MESSAGE OF SUPPORT
PRINCE MANGOSUTHU BUTHELEZI MP
INKOSI OF THE BUTHELEZI CLAN AND
TRADITIONAL PRIME MINISTER TO THE ZULU MONARCH AND NATION
DELIVERED ON HIS BEHALF BY HIS DEPUTY
MR MPIKAYISE BUTHELEZI
On behalf of residents of the Buthelezi Traditional Area, I wish to thank the Honourable Dr Sibongiseni Dhlomo, MEC for Health in KwaZulu Natal, for visiting us today. I would have wanted to be there in person to welcome the MEC and to commend him on the two clinics that are being opened in Ombimbini and KwaHhemlana. However I find myself battling the ‘flu and thought it wise to take time to recover. As a medical doctor, I know that the MEC will agree with my decision.
I therefore asked my Deputy, Mr Mpikayise Buthelezi, to bring you my message of support.
The opening of these two clinics is an important step towards accessible health care for those who need it most. Our Constitution, which is widely regarded as one of the best in the world, enshrines the right to health care. But the lived reality of so many South Africans speaks of a right that is still not achieved. This is particularly the case for those living in rural areas.
Here in the Buthelezi Traditional Area, residents endure more hardship than is necessary. Our people struggle to access services. Sadly, the hardship is faced by many who need medical attention for they have had to walk long distances to get to a clinic. The spatial inequalities we inherited from apartheid have not been fully resolved. There are still too few police stations covering vast areas, too few fire stations, too few schools, and too few clinics. Thus, whenever a new clinic is opened, we must celebrate, because it is a victory and a step towards equality.
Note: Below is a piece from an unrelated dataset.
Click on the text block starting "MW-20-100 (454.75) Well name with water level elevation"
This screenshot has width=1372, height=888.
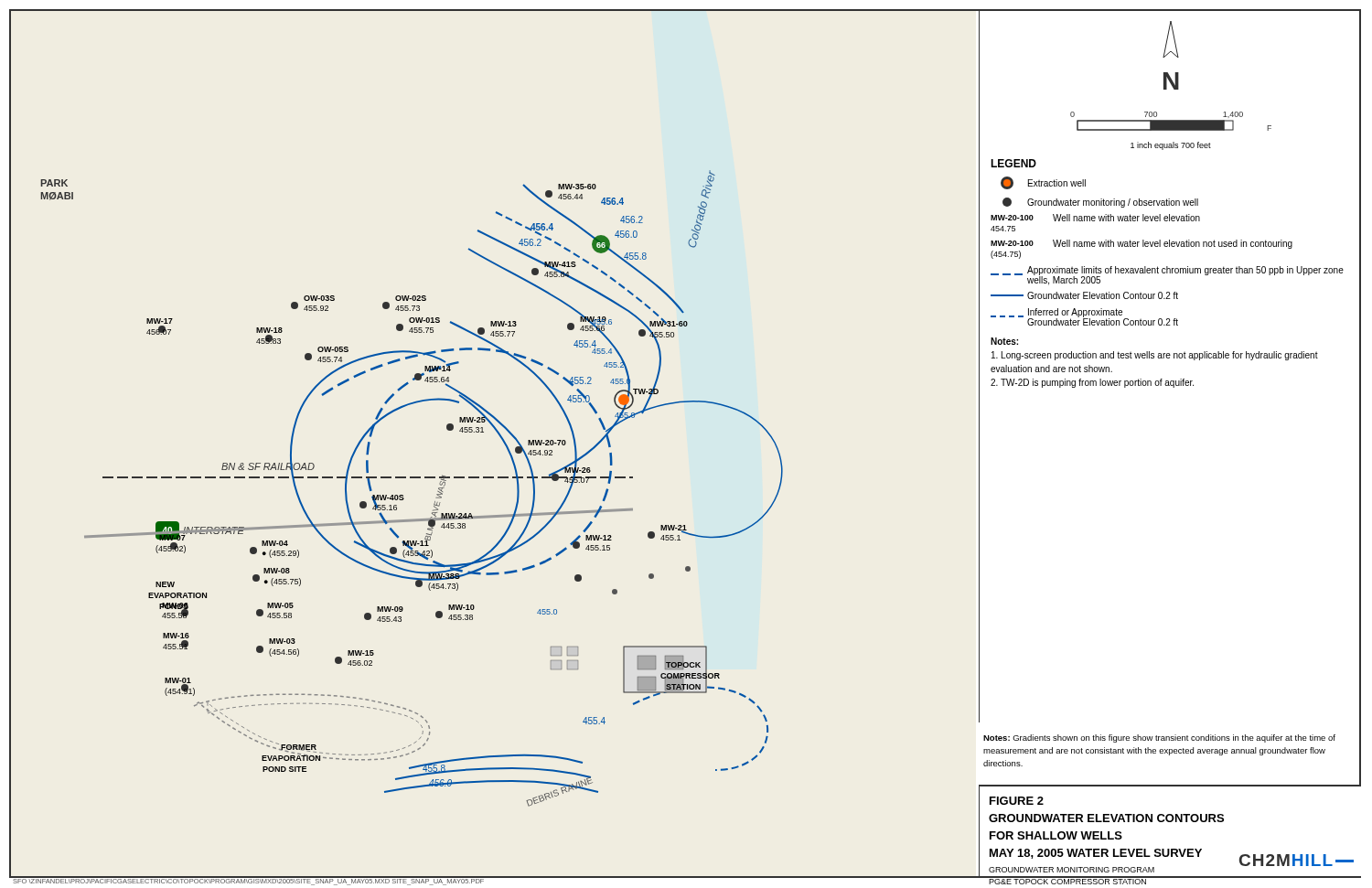(x=1142, y=250)

I encourage all our residents to support these new clinics. Welcome the nurses and medical staff who operate here. Help them to help us. A clinic is not just a place of last resort when one is gravely ill. We need to use these clinics as information centres and as places where preventative actions are birthed. From these places, knowledge must flow to our communities on nutrition and positive lifestyle options, family planning, and basic screenings for things like diabetes, cholesterol and high blood pressure.
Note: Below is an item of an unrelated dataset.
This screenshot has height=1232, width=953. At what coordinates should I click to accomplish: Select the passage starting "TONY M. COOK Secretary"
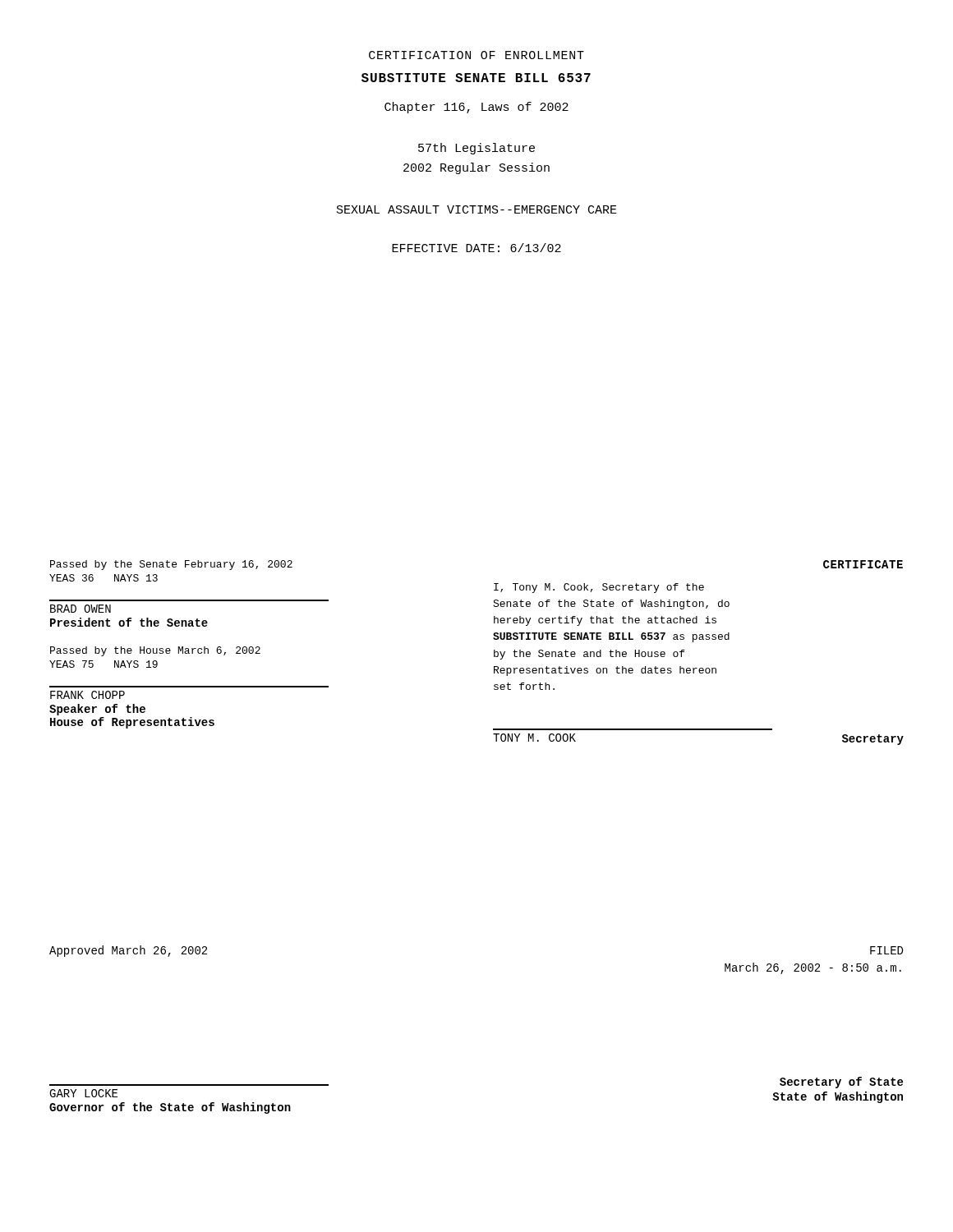698,737

It is so important that we take ownership of our health, arming ourselves with information and having regular check-ups. I know that mothers are exceptionally good at taking their babies to clinics when they have a cough or a fever. But how many mothers take themselves to the clinic when they feel ill? We need to take care of ourselves, because we must be strong and well to take care of others.
There are many families in which grandmothers are taking care of children as well. Our elderly citizens have additional healthcare needs. I urge our families to take good care of our grandmothers, because we expect a lot from them. If they are ill or in pain, please take them to the clinic. No one should have to live with pain. It steals the joy of living and stops us from doing all that daily life requires of us.
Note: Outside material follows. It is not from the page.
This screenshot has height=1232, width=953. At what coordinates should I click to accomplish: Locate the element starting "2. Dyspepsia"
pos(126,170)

As the MEC will no doubt tell us, there is a rise in lifestyle diseases in South Africa. For years we have fought HIV/Aids with a number of interventions, and clinics remain an important line of defence in this fight. Likewise we have fought TB, which is an opportunistic disease that preys on those with a weak immune system. This doesn’t necessarily mean people with HIV, but indeed anyone who isn’t getting the right amount of vitamins and nutrients in their diet, for their immune system will struggle to fight TB.
But we now face a new onslaught of diseases like diabetes and high blood pressure; diseases related to the food we eat, the amount of exercise we get, and the lifestyles we lead. We need to look at health holistically. It is not just about taking medicine to get rid of a troubling symptom. It’s about getting proper nutrition, getting the right exercise, staying away from substance abuse, and getting enough sleep.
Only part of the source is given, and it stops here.